• **Task statement**
Every entry below must be transcribed word for word, and the images must be left out.

━━━━━━━━━━

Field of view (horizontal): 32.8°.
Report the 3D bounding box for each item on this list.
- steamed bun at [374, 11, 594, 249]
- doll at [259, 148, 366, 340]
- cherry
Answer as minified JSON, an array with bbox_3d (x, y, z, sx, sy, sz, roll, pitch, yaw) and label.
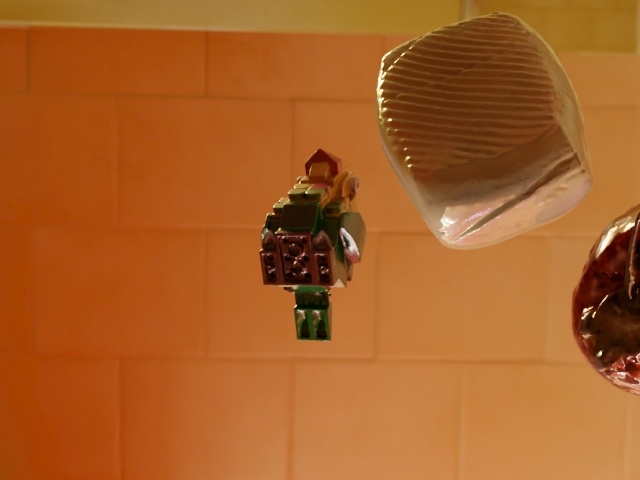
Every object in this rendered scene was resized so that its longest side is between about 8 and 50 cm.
[{"bbox_3d":[0.148,-0.083,0.963,0.239,0.170,0.152,-99,164,-45],"label":"steamed bun"},{"bbox_3d":[-0.002,-0.006,1.168,0.134,0.106,0.186,69,27,-45],"label":"doll"},{"bbox_3d":[0.330,0.045,1.020,0.249,0.175,0.192,-33,131,-67],"label":"cherry"}]
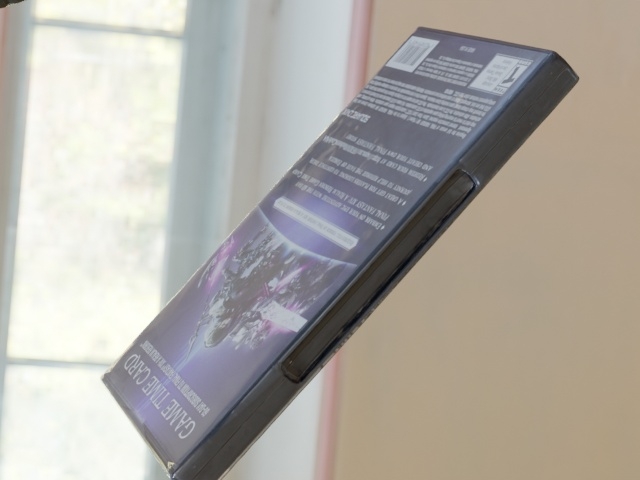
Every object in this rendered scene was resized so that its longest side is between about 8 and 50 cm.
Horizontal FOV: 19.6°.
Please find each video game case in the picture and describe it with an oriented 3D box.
[{"bbox_3d":[0.000,0.000,0.969,0.026,0.274,0.196,42,176,-19],"label":"video game case"}]

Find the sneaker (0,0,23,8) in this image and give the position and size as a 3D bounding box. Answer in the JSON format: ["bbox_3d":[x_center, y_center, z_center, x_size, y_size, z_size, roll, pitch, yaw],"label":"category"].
[{"bbox_3d":[-0.160,-0.112,0.568,0.286,0.109,0.130,-23,-152,10],"label":"sneaker"}]
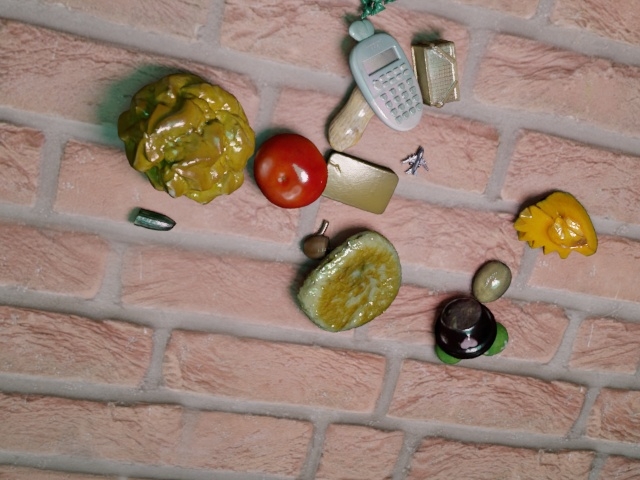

━━━━━━━━━━

• **Exercise output**
Field of view (horizontal): 32.8°.
Report the 3D bounding box for each item on this list.
- steamed bun at [374, 11, 594, 249]
- doll at [259, 148, 366, 340]
- cherry
Answer as minified JSON, an array with bbox_3d (x, y, z, sx, sy, sz, roll, pitch, yaw) and label.
Every object in this rendered scene was resized so that its longest side is between about 8 and 50 cm.
[{"bbox_3d":[0.148,-0.083,0.963,0.239,0.170,0.152,-99,164,-45],"label":"steamed bun"},{"bbox_3d":[-0.002,-0.006,1.168,0.134,0.106,0.186,69,27,-45],"label":"doll"},{"bbox_3d":[0.330,0.045,1.020,0.249,0.175,0.192,-33,131,-67],"label":"cherry"}]
Every object in this rendered scene was resized so that its longest side is between about 8 and 50 cm.
Horizontal FOV: 19.6°.
Please find each video game case in the picture and describe it with an oriented 3D box.
[{"bbox_3d":[0.000,0.000,0.969,0.026,0.274,0.196,42,176,-19],"label":"video game case"}]

Find the sneaker (0,0,23,8) in this image and give the position and size as a 3D bounding box. Answer in the JSON format: ["bbox_3d":[x_center, y_center, z_center, x_size, y_size, z_size, roll, pitch, yaw],"label":"category"].
[{"bbox_3d":[-0.160,-0.112,0.568,0.286,0.109,0.130,-23,-152,10],"label":"sneaker"}]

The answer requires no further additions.